---------- Provided material ----------
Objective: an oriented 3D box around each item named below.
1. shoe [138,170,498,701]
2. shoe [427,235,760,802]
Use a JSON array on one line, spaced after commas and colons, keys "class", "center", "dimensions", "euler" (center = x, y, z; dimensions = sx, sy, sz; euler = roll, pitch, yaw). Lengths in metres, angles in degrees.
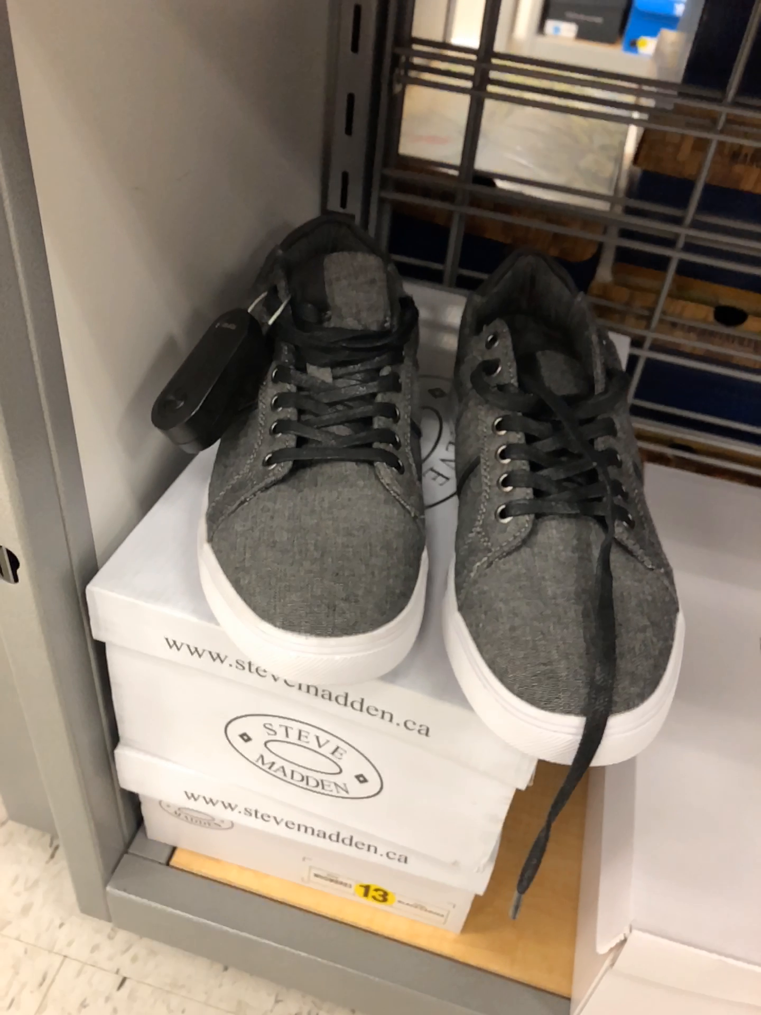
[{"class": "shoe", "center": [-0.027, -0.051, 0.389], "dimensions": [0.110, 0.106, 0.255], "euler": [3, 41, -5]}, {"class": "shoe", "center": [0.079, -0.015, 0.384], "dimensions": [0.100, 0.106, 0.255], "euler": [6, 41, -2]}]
----------
---------- Provided material ----------
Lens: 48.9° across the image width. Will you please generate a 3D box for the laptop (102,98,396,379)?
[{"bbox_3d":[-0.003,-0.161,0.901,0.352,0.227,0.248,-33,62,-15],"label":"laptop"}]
----------
---------- Provided material ----------
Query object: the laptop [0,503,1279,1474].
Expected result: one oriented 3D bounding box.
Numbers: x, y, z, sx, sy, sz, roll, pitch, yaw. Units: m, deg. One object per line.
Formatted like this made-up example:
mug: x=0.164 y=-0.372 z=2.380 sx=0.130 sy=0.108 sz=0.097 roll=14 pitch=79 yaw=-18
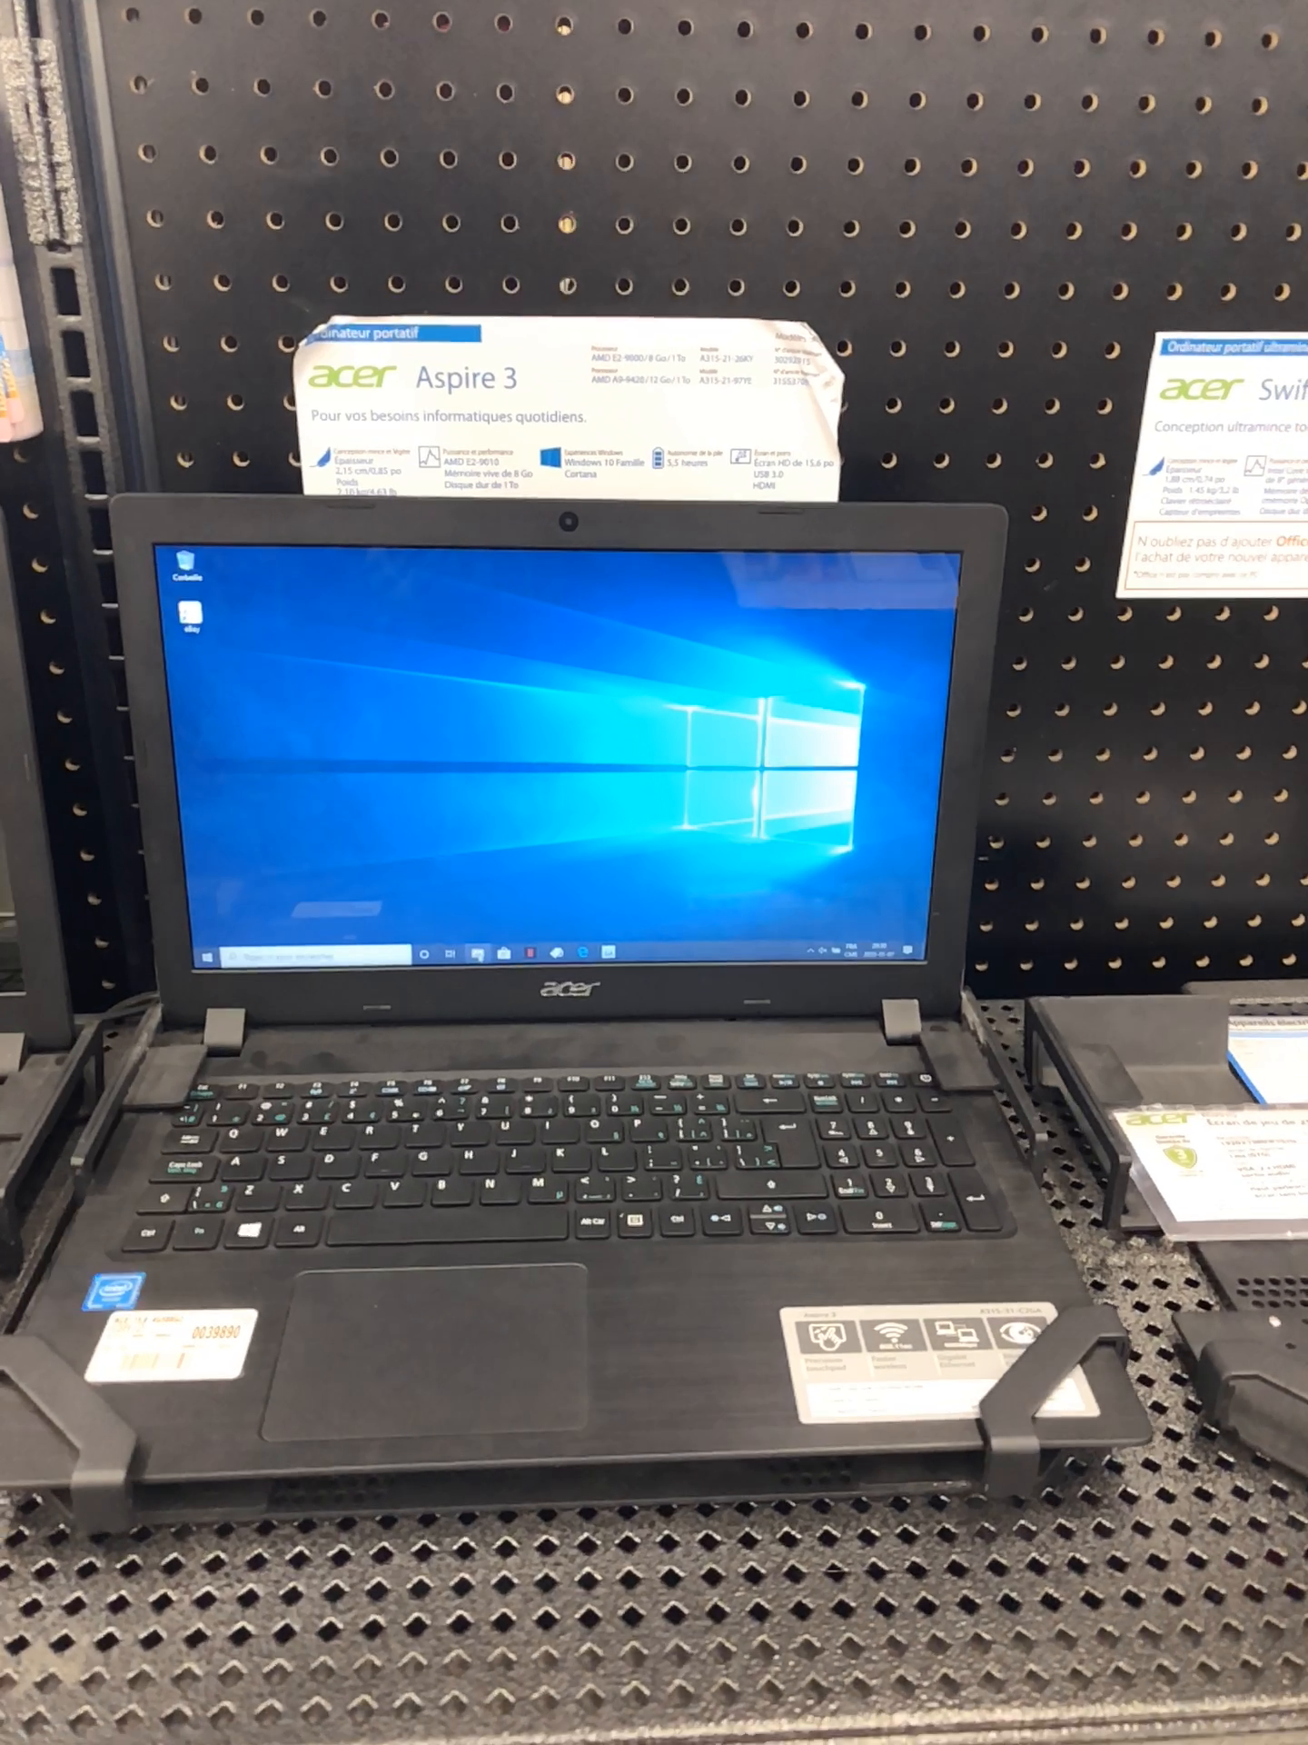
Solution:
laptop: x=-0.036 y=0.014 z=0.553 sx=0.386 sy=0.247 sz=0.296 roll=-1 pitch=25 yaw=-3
----------
# [Task brief]
Reproduce each line above that contains "oriented".

# [Task solution]
Objective: an oriented 3D box around each item named below.
Expected result: one oriented 3D bounding box.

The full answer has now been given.